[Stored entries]
◆ ◆ ◆ ◆ ◆ ◆ ◆
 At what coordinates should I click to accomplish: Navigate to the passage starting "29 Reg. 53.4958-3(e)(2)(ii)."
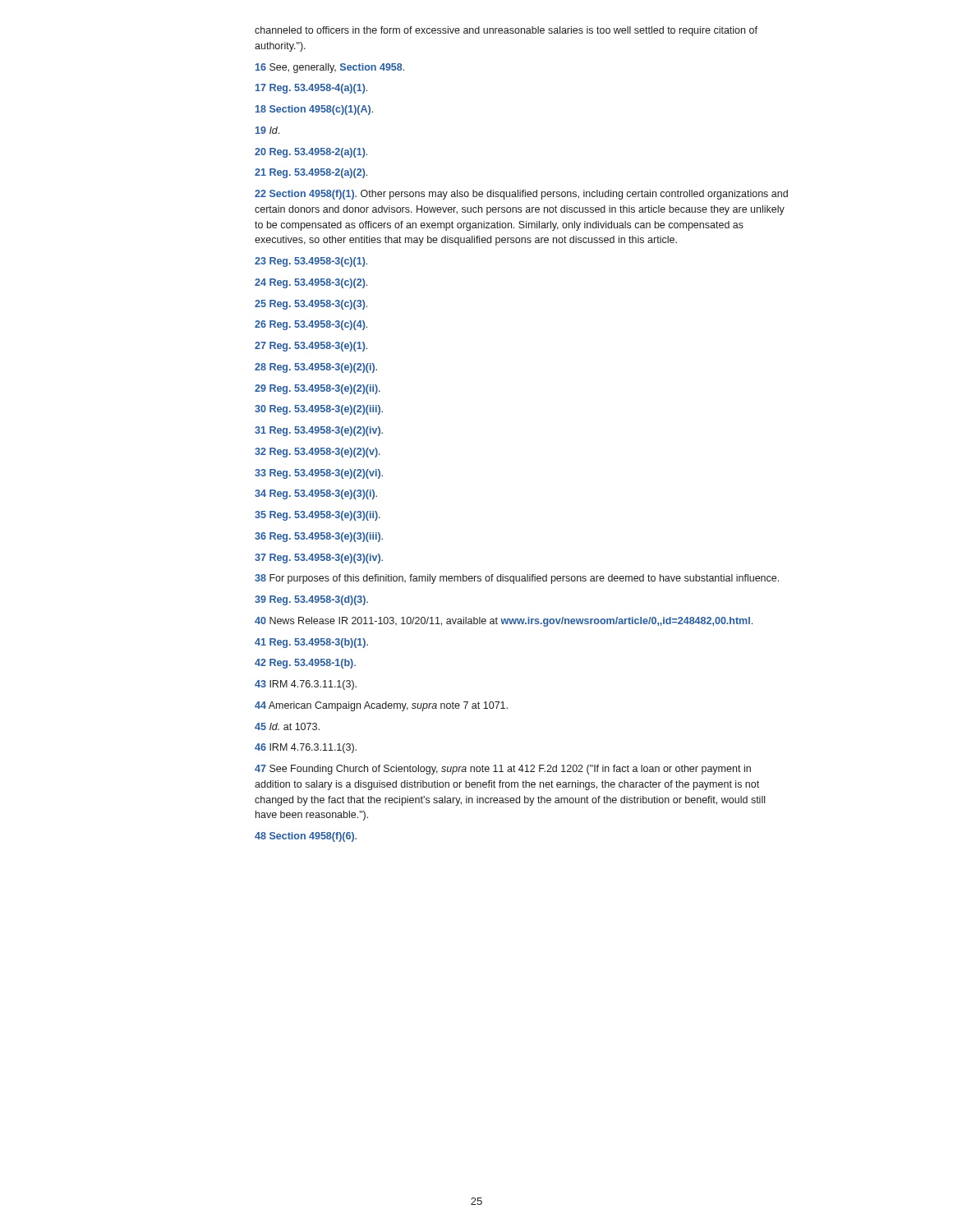pos(318,388)
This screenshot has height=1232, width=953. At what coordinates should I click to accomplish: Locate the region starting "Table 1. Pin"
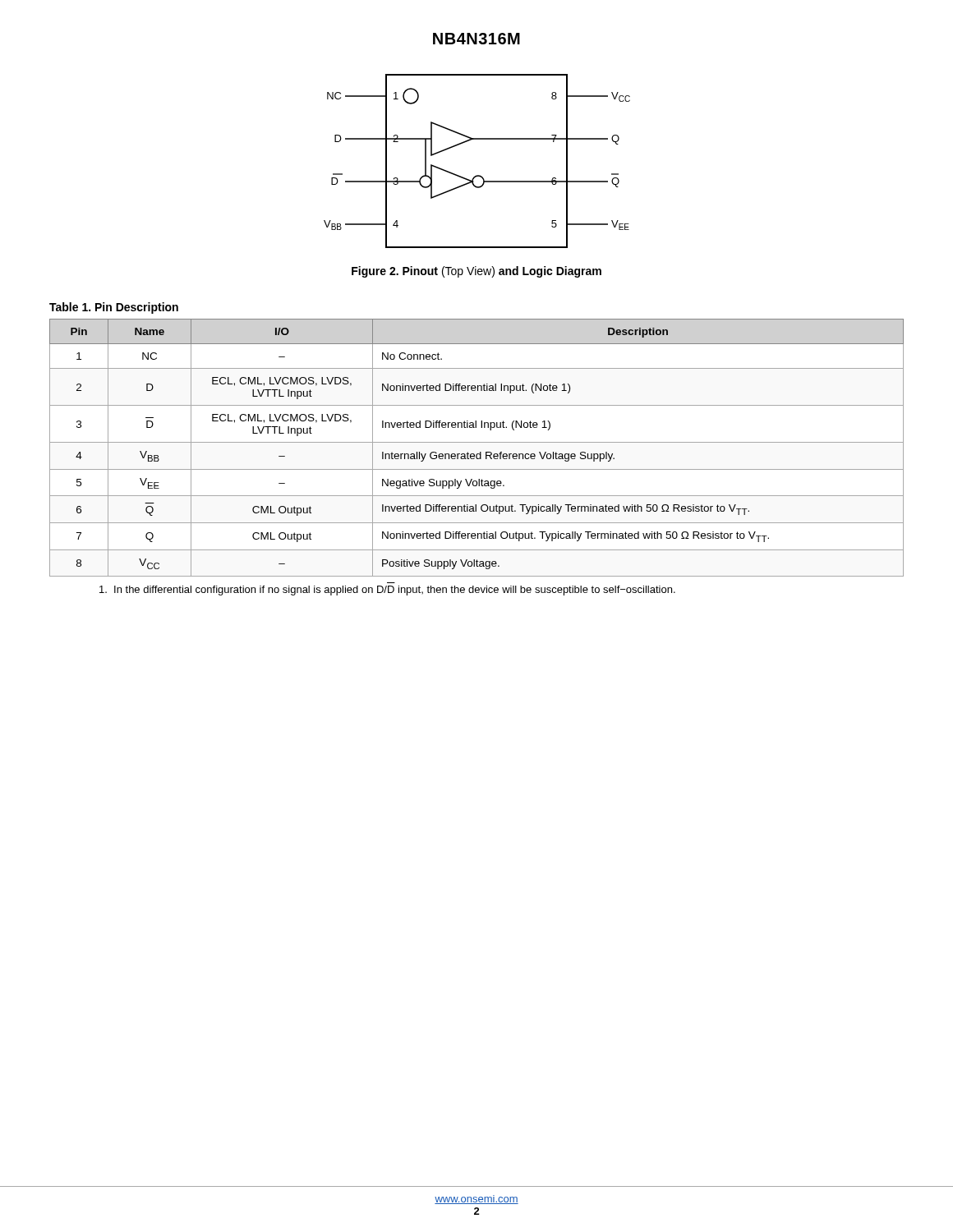click(114, 307)
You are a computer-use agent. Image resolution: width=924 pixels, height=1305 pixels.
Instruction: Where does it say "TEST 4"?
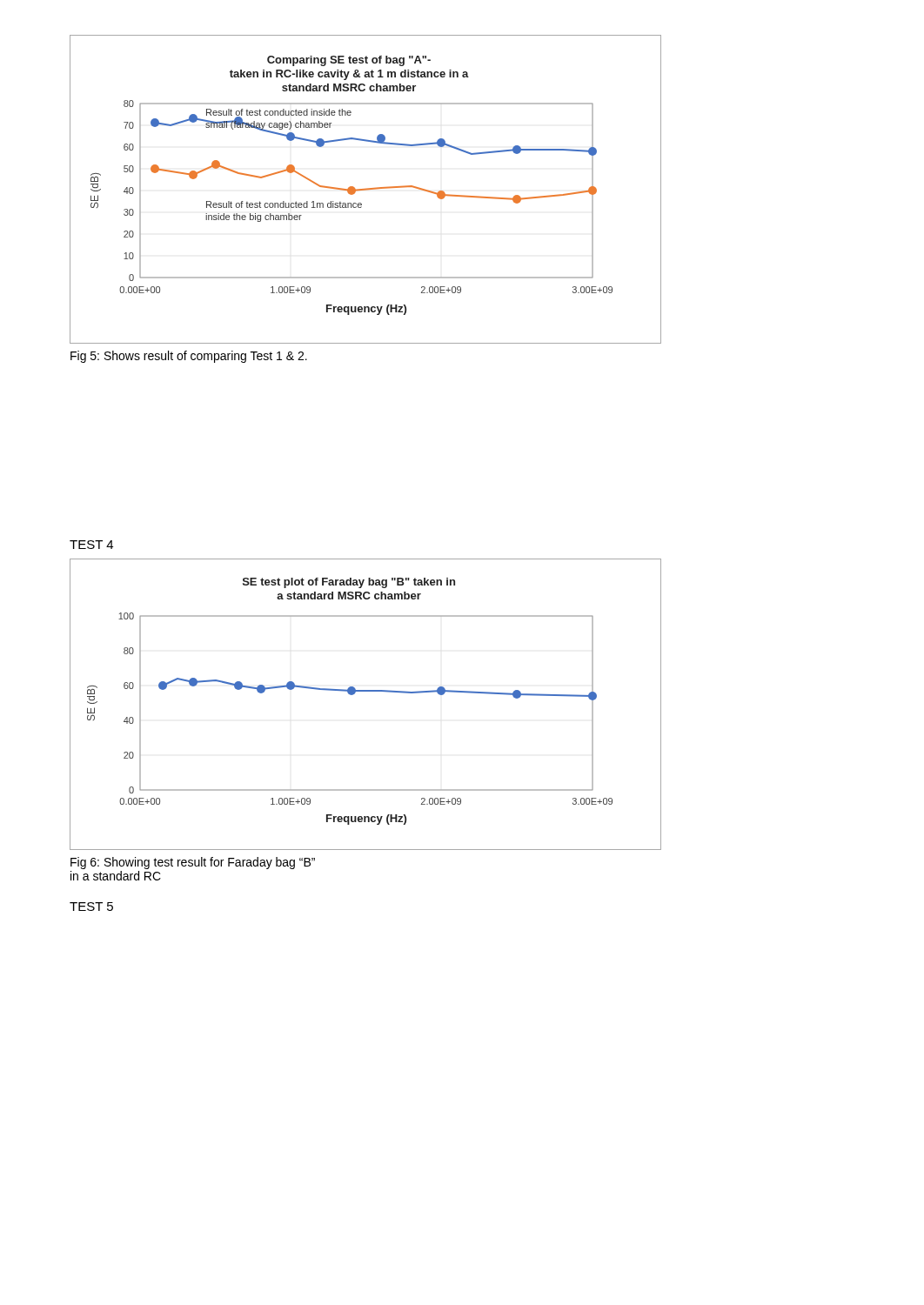92,544
◆ ◆ ◆ ◆ ◆ ◆ ◆
**TASK ITEM**. Although the records contain pictures, the copy should hold only their text, reproduced exactly.

**ANSWER TO THIS EXERCISE**.
 At what coordinates should I click to accomplish: Navigate to the passage starting "29 Reg. 53.4958-3(e)(2)(ii)."
pos(318,388)
This screenshot has height=1232, width=953. At what coordinates should I click to accomplish: Locate the region starting "Table 1. Pin"
click(114, 307)
You are a computer-use agent. Image resolution: width=924 pixels, height=1305 pixels.
Instruction: Where does it say "TEST 4"?
92,544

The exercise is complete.